Description of the task> Print, in exact form, the lines below from the one containing "8. can of pineapple (988,92,1121,244)" through the one containing "15. can of mushrooms (733,255,864,389)", and omit all others.

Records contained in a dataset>
[Start of Attachment]

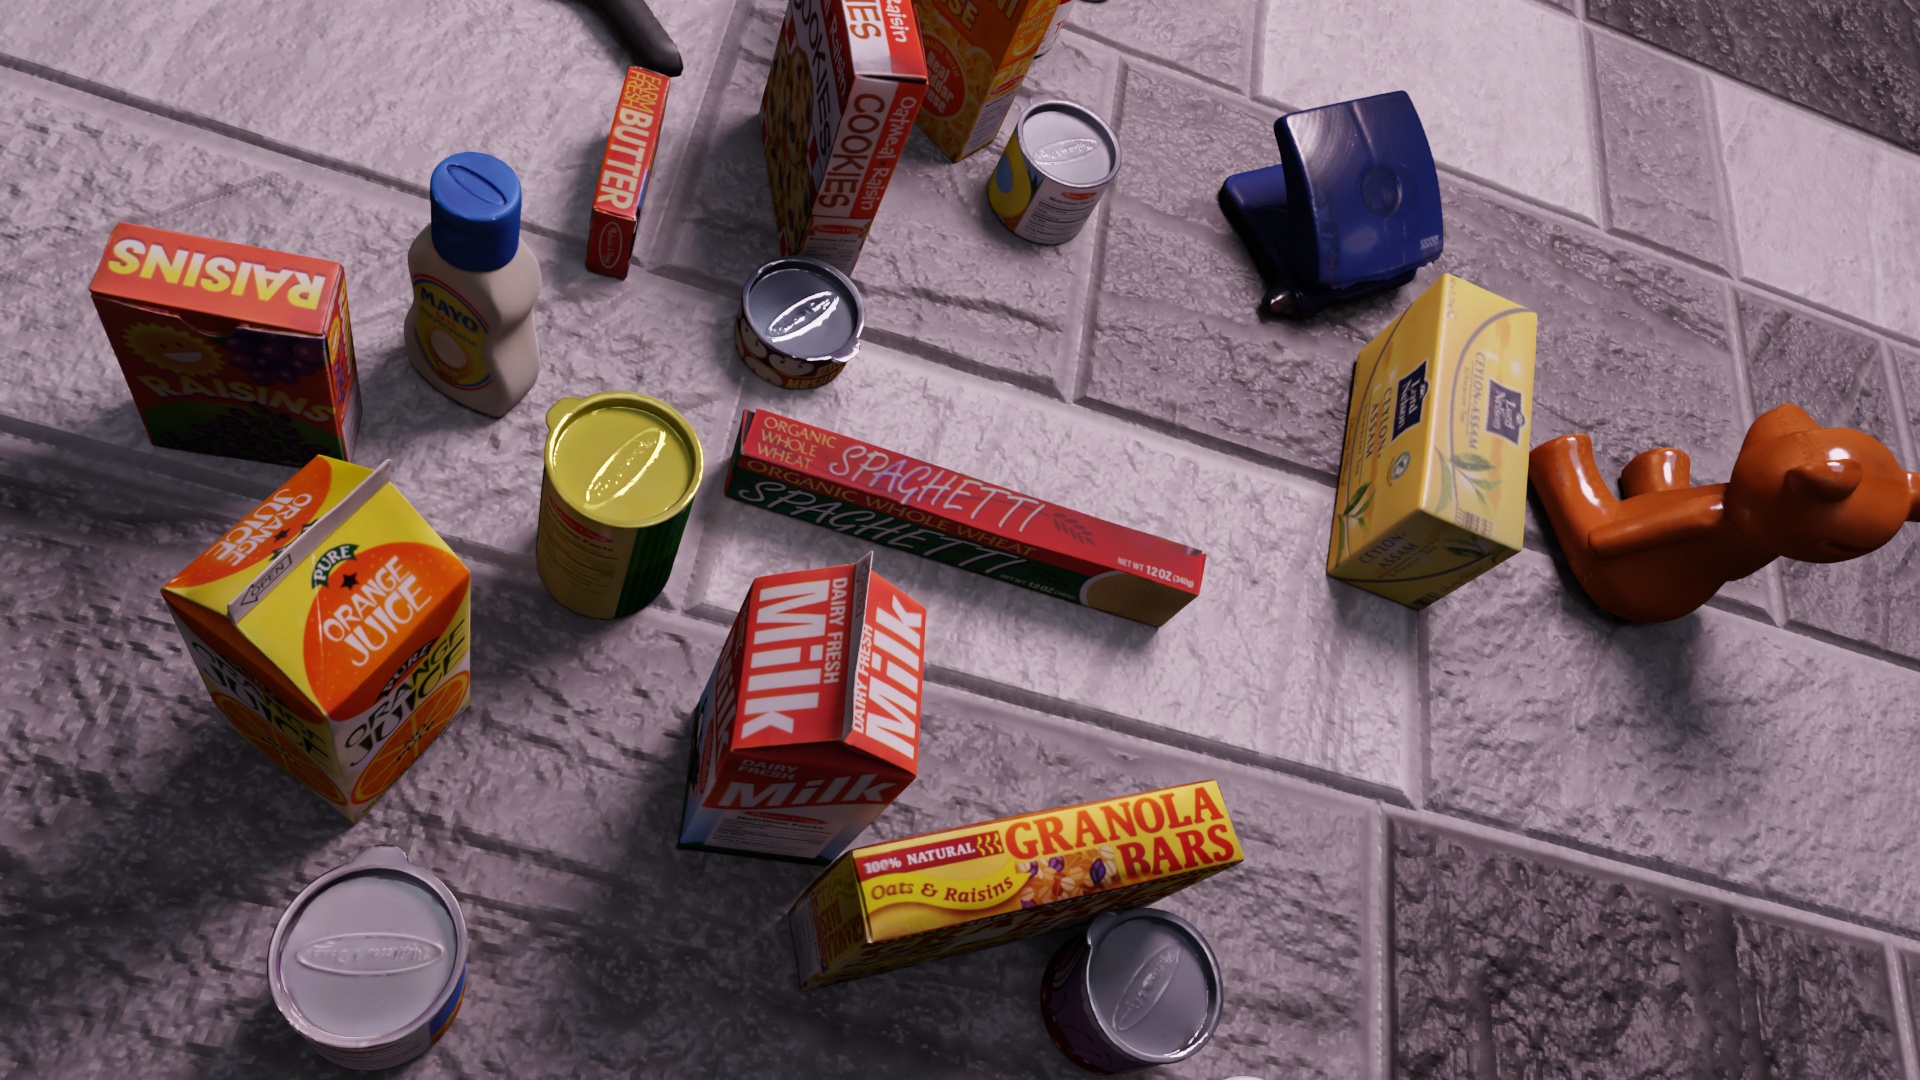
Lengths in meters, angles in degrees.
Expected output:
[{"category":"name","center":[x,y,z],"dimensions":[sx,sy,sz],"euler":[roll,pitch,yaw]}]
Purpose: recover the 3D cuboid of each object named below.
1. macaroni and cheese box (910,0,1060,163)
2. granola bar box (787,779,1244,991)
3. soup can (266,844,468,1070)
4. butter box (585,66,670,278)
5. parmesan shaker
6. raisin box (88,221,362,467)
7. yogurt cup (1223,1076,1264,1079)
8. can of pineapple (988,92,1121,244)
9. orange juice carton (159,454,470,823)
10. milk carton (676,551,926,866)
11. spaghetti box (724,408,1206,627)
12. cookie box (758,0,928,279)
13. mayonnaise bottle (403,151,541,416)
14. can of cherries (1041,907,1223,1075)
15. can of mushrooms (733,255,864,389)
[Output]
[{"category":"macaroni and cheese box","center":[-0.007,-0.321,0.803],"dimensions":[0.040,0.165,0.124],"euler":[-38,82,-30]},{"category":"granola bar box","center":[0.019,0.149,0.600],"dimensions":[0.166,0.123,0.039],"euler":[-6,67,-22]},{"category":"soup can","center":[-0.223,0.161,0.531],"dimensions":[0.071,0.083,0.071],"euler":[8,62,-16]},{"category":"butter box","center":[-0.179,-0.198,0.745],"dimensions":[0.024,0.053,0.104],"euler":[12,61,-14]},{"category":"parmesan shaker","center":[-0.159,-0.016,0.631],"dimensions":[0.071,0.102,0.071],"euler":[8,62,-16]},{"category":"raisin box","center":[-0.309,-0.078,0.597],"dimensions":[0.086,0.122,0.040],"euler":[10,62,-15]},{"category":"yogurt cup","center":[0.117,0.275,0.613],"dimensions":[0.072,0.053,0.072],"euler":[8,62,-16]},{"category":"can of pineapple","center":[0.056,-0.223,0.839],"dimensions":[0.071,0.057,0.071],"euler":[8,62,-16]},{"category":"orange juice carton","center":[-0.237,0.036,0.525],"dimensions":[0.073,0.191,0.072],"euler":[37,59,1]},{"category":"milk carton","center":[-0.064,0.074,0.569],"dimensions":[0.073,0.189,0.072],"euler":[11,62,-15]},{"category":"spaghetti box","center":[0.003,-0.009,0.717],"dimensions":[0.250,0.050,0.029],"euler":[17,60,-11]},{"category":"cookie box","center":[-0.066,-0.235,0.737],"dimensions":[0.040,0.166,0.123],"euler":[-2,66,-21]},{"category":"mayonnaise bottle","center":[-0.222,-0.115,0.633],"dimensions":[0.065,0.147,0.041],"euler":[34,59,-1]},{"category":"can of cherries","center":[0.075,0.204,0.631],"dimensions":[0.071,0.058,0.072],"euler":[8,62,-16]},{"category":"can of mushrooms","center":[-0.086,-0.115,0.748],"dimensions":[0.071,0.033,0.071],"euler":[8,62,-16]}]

[End of Attachment]

Exercise output>
8. can of pineapple (988,92,1121,244)
9. orange juice carton (159,454,470,823)
10. milk carton (676,551,926,866)
11. spaghetti box (724,408,1206,627)
12. cookie box (758,0,928,279)
13. mayonnaise bottle (403,151,541,416)
14. can of cherries (1041,907,1223,1075)
15. can of mushrooms (733,255,864,389)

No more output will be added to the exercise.